Repetitive sequences in CP genome have been a major focus of research. There are an abundance of repeated sequences in the CP genome, which are distributed in intergenetic spacer and intron sequences [27]. Long repeats with length greater than 30 bp, might have functions in promoting chloroplast genome rearrangement and increasing population genetic diversity [28]. In order to verify the above-mentioned functions and obtain a comprehensive understanding of the long repeats within the R. tomentosa CP genome, the long repeats in CP genomes from four other species, Psidium guajava, Eugenia uniflora, Eucalyptus grandis and Melastoma candidum were selected for comparison according to the ties of consanguinity between species. These three species were used to compare and analyze the conserved and unique characteristics of chloroplast CP genomes between different genera of the same family. M. candidum, which belongs to another family within the Myrtiflorae order, is the most closely related among other species whose CP genome sequences are available from NCBI except for the three species of Myrtaceae family. Similarly, M. candidum was used to analyze differences between species in different families. The resulting data revealed the repeat structure of these four species, demonstrating that there are 38 (14 forward, 24 palindromic), 31 (14 forward, 15 palindromic, 2 reverse), 33 (16 forward, 16 palindromic, 1 reserve), 30 (16 forward, 14 palindromic) and 49 (22 forward, 19 palindromic, 4 reverse, 4 complement) large repeats (LRs) in R. tomentosa, Psidium guajava, Eugenia uniflora, Eucalyptus grandis and Melastoma candidum, respectively. In detail, there is no reverse or complement repeats in R. tomentosa, similar to Eucalyptus grandis. At the same time, complement repeats exists in M. candidum, which is not a member of the Myrtaceae family unlike the other four species. Thus, population genetic diversity is revealed by LRs differences, which is consistent with LRs functional analysis (Figure 3).
Figure 3

Repeat sequences in four chloroplast genomes. F, P, R, and C indicates the repeat types: F (forward), P (palindrome), R (reverse), and C (complement). Repeats with different lengths are indicated in different colors.

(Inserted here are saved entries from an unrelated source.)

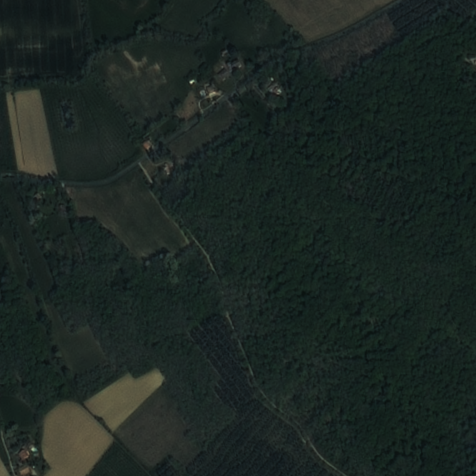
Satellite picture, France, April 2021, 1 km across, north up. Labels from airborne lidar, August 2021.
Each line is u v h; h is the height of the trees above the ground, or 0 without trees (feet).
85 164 0
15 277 64
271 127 62
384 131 36
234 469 41
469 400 65
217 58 0
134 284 71
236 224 66
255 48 0
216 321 46
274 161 77
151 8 0
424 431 64
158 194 62
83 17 43
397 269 70
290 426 29
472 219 67
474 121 66
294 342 66
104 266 57
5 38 0
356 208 73
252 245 64
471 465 51
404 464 74
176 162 77
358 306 56
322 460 38
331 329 61
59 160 0
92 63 76
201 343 50
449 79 73
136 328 54
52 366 64
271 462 37
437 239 49
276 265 77
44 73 0
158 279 56
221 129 0
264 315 62
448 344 73
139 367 46
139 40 61
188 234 40
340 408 54
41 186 53
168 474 43
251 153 80
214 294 49
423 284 72
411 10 50
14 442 35
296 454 26
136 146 37
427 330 82
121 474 18
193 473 37
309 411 28
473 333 81
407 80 68
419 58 65
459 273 68
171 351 65
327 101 58
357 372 69
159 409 0
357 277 56
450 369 70
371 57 40
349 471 52
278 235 84
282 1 0
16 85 30
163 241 0
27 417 0
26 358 77
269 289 55
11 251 0
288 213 84
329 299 83
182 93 0
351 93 69
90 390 46
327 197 78
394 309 69
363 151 38
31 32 0
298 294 65
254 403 35
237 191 85
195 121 0
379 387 53
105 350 49
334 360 65
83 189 0
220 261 53
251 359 58
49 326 82
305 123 64
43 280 0
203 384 57
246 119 68
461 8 41
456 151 51
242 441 40
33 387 64
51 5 0
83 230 72
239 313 56
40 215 61
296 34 32
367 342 65
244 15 0
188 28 0
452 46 62
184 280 50
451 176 67
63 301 53
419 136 83
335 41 36
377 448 71
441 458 79
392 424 77
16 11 0
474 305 76
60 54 0
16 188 22
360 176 37
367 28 38
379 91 58
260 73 61
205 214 63
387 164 65
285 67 58
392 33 22
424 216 64
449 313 74
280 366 61
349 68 44
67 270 66
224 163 77
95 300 61
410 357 72
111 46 84
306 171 78
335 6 0
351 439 54
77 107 43
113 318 62
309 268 92
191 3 0
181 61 0
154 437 0
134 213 0
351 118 83
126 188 0
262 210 76
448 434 50
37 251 0
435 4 49
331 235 85
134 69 0
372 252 73
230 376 43
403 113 73
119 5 0
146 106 0
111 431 34
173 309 56
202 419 59
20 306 95
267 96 29
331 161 63
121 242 39
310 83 88
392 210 43
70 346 0
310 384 55
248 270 62
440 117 66
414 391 56
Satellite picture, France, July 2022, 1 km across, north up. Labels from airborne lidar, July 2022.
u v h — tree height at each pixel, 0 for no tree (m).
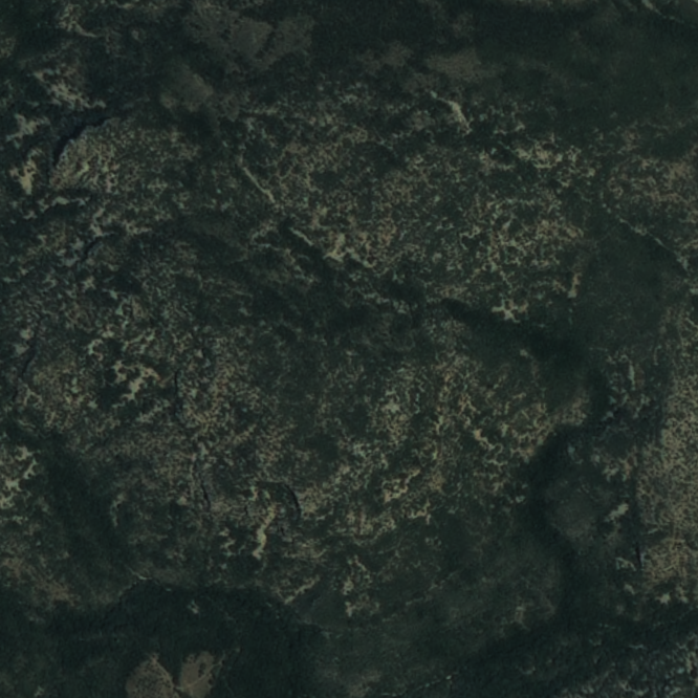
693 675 7
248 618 9
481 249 5
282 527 10
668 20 6
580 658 10
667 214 0
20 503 7
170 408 6
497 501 7
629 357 7
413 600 6
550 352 7
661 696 7
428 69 6
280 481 15
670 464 0
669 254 7
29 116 8
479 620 7
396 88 5
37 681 6
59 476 5
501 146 7
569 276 8
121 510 7
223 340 0
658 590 9
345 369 0
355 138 0
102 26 6
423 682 7
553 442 9
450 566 7
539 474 13
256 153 6
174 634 6
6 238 6
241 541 6
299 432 0
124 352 5
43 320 8
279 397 0
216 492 0
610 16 0
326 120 0
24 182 0
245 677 11
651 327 0
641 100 0
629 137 0
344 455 0
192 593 11
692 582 5
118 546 7
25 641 6
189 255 0
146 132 0
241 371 0
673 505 0
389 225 0
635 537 6
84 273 6
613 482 6
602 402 8
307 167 0
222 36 5
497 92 0
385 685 7
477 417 6
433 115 6
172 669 8
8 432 8
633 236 6
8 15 6
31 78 6
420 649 7
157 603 8
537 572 6
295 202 0
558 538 13
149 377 6
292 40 0
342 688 6
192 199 0
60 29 9
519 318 10
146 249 6
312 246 6
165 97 0
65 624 11
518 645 5
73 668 8
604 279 0
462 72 0
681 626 8
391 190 0
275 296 6
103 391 7
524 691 7
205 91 0
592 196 6
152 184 0
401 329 6
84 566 6
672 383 0
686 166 0
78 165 7
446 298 14
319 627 9
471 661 12
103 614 13
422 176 0
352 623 7
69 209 6
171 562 6
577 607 10
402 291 7
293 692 7
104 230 7
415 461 6
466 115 7
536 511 8
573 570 7
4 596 5
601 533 7
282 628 7
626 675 6
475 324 7
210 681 6
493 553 6
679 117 0
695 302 6
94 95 6
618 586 10
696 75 0
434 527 6
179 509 5
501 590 11
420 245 0
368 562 0
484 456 7
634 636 7
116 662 6
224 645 11
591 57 0
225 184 0
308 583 0
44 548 7
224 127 6
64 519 6
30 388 7
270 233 6
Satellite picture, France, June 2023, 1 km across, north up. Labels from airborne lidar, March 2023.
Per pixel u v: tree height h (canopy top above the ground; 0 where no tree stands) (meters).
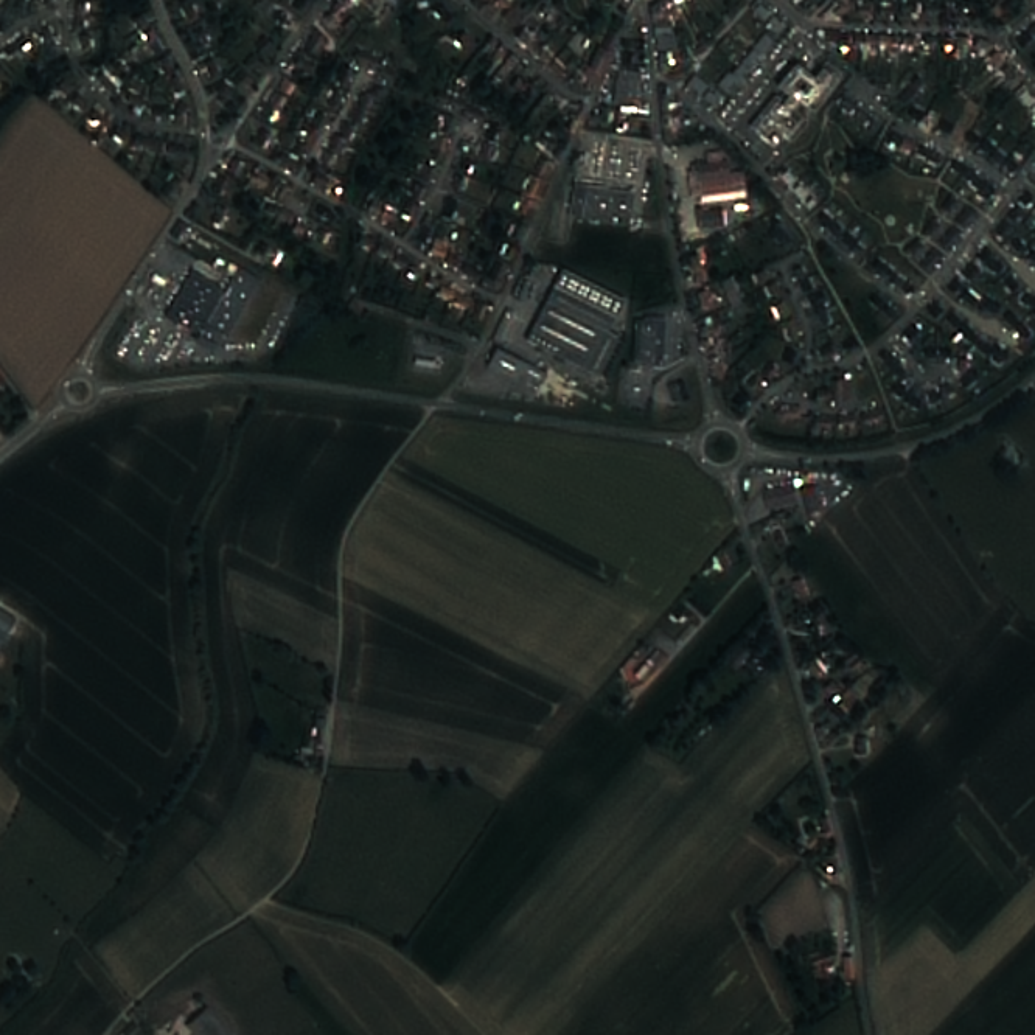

Simple sequence repeats (SSRs) are composed of small repeated sequences of 1 to 6 bp, which are extensively distributed in intergenic regions, intron regions, and even protein-coding regions. High mutation rates in these regions also reflect the genetic diversity [29]. CP SSRs, which are widely used in phylogenetic and population genetic analyses [30], are important sources for developing molecular markers. A total of 282 SSRs were identified in the R. tomentosa CP genome and were summarized in Table 4, including 173 mononucleotide, 37 dinucleotide, 63 trinucleotide and nine tetranucleotide repeat units. In addition, 98.8% of the mononucleotide SSRs belongs to the A/T type, which is consistent with previous studies where proportions of polyadenine (polyA) and polythymine (polyT) were higher than those of polycytosine (polyC) and polyguanine (polyG) within CP SSRs in many plants [31].
Table 4

Base composition in the chloroplast genome of R. tomentosa.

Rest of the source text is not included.